340 Per questa piccola sezione sull'arte scultorea greca si fa riferimento ai seguenti testi. GIULIANO A.,

Arte Greca: Dall'età classica all'età ellenistica, Milano 1987; POLLITT J.J., The art of ancient Greece:

sources and documents, Cambridge 1990, pp.90-91; DEVECCHI P., CERCHIARI E., Arte nel tempo, Milano

probabilmente predominavano sugli altri tipi di sculture a causa dell'importanza delle donne nel culto di Atena. In generale i gruppi di kouroi/korai che sono sopravvissuti corrispondono al genere della divinità: kouroi nel santuario di Apollo Ptois in Boezia e di Apollo a Didima; korai nel santuario di Era a Samo. Le korai dell'acropoli sarebbero così il simbolo della devozione della classe ricca dell'Atene arcaica. Dunque viene da pensare all'utilizzo che la statua di cui si parla nella lettera avesse la funzione di offerta da esporre in uno dei numerosi santuari di Apollo che si trovavano nel territorio greco.

Gli scultori hanno avuto bene in mente l'idea di ciò che rappresentasse al meglio la giovinezza, incarnandolo con lo stile ieratico della statuaria faraonica, aggiungendovi di proprio il cosiddetto “sorriso arcaico”; il passo fermo ed elastico, l'equilibrio del corpo che emana dignità e felicità giovanile: tutte queste sono caratteristiche di Apollo.

Le forme esprimono immortalità/immutabilità, equilibrio ed ordine, tutti ideali apollinei. Gli antichi Greci hanno mantenuto, fino alla loro civiltà più tarda, un'idea quasi animistica nei confronti delle statue, che in un certo senso consideravano vive: questo incarnava la convinzione che l'immagine fosse in qualche modo la realtà spirituale dell'uomo o del dio stesso.

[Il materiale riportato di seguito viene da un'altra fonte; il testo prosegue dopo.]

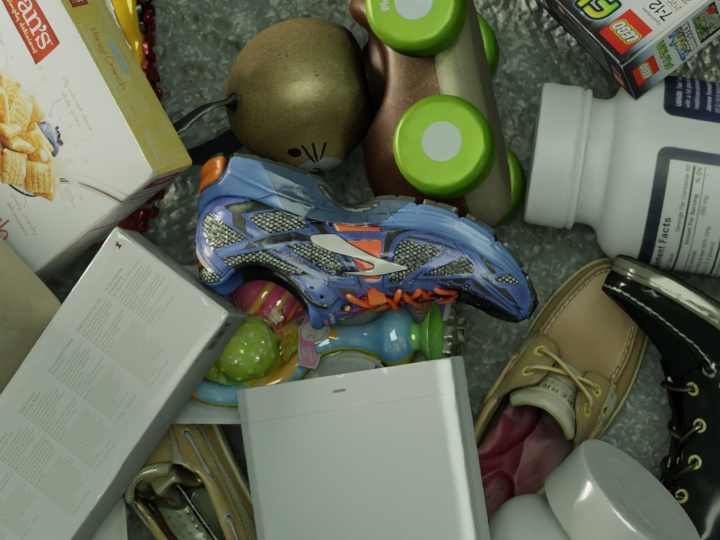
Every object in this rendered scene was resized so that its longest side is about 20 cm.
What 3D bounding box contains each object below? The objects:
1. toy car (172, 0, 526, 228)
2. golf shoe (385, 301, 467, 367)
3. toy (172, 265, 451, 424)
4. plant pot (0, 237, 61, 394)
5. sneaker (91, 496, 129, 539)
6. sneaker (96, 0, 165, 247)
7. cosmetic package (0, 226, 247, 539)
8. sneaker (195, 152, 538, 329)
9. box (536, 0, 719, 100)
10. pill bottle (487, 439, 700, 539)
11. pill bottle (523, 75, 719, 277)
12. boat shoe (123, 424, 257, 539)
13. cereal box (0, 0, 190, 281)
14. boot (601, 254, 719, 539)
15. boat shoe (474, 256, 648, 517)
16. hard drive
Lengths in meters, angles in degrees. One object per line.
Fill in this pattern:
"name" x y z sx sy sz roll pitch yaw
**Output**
"toy car" -0.019 -0.084 1.507 0.199 0.164 0.159 -12 82 9
"golf shoe" 0.003 0.095 1.522 0.097 0.078 0.201 15 82 9
"toy" -0.051 0.030 1.489 0.198 0.047 0.116 2 49 12
"plant pot" -0.323 0.027 1.436 0.200 0.177 0.200 45 105 20
"sneaker" -0.183 0.136 1.527 0.080 0.070 0.201 -32 90 -9
"sneaker" -0.160 -0.108 1.554 0.082 0.078 0.201 -9 73 4
"cosmetic package" -0.154 0.082 1.451 0.082 0.051 0.201 37 95 9
"sneaker" 0.000 0.000 1.444 0.199 0.075 0.079 14 75 8
"box" 0.141 -0.197 1.526 0.110 0.035 0.200 -38 53 -4
"pill bottle" 0.091 0.195 1.456 0.110 0.110 0.200 44 109 6
"pill bottle" 0.197 -0.053 1.516 0.198 0.111 0.112 9 83 2
"boat shoe" -0.111 0.114 1.501 0.072 0.076 0.200 -48 70 15
"cereal box" -0.199 -0.071 1.500 0.200 0.039 0.144 -36 80 37
"boot" 0.184 0.104 1.497 0.203 0.073 0.154 40 87 -16
"boat shoe" 0.110 0.082 1.523 0.074 0.066 0.201 28 84 4
"hard drive" 0.008 0.155 1.419 0.131 0.026 0.202 -9 88 25

In conclusione, quindi, la lettera XIII ci fornisce uno spaccato di vita quotidiana della Grecia. La presenza della statua di Apollo dimostra il rilievo di simili oggetti nelle questioni legate al culto del dio (creazione di statuette rappresentanti la sua persona) che si sviluppa nel territorio greco, legato ai templi ovviamente e ben integrato all'interno di tutte le classi sociali.

CAPITOLO VII L'ANEDDOTICA

7. 1 Osservazioni preliminari

Spesso gli antichi ricostruiscono l'importanza di Apollo attraverso la narrazione di aneddoti. Gli autori che verranno presi in considerazione nel capitolo fanno parte di quella letteratura biografica che prende vita attraverso i racconti delle vite e della dottrina filosofica dei protagonisti presi da loro in esame. Dunque, attraverso la ricognizione su fonti come le Vite di Pitagora di Porfirio e Giamblico, le Vite dei Filosofi di Diogene Laerzio, l'Anonimo dei Prolegomena, abbiamo la possibilità di osservare la presenza di Apollo all'interno di questo tipo di opere. Importante per questa ricognizione saranno anche gli studi di Anna Motta e A.S. Riginos, che hanno studiato rispettivamente i Prolegomena e gli aneddoti sulla vita di Platone (in Platonica). E' infatti, all'interno degli aneddoti dedicati a Platone che noi, ancora una volta, individuiamo il legame del filosofo con Apollo, ma scopriamo anche come in questo orizzonte Platone sia connesso con Pitagora.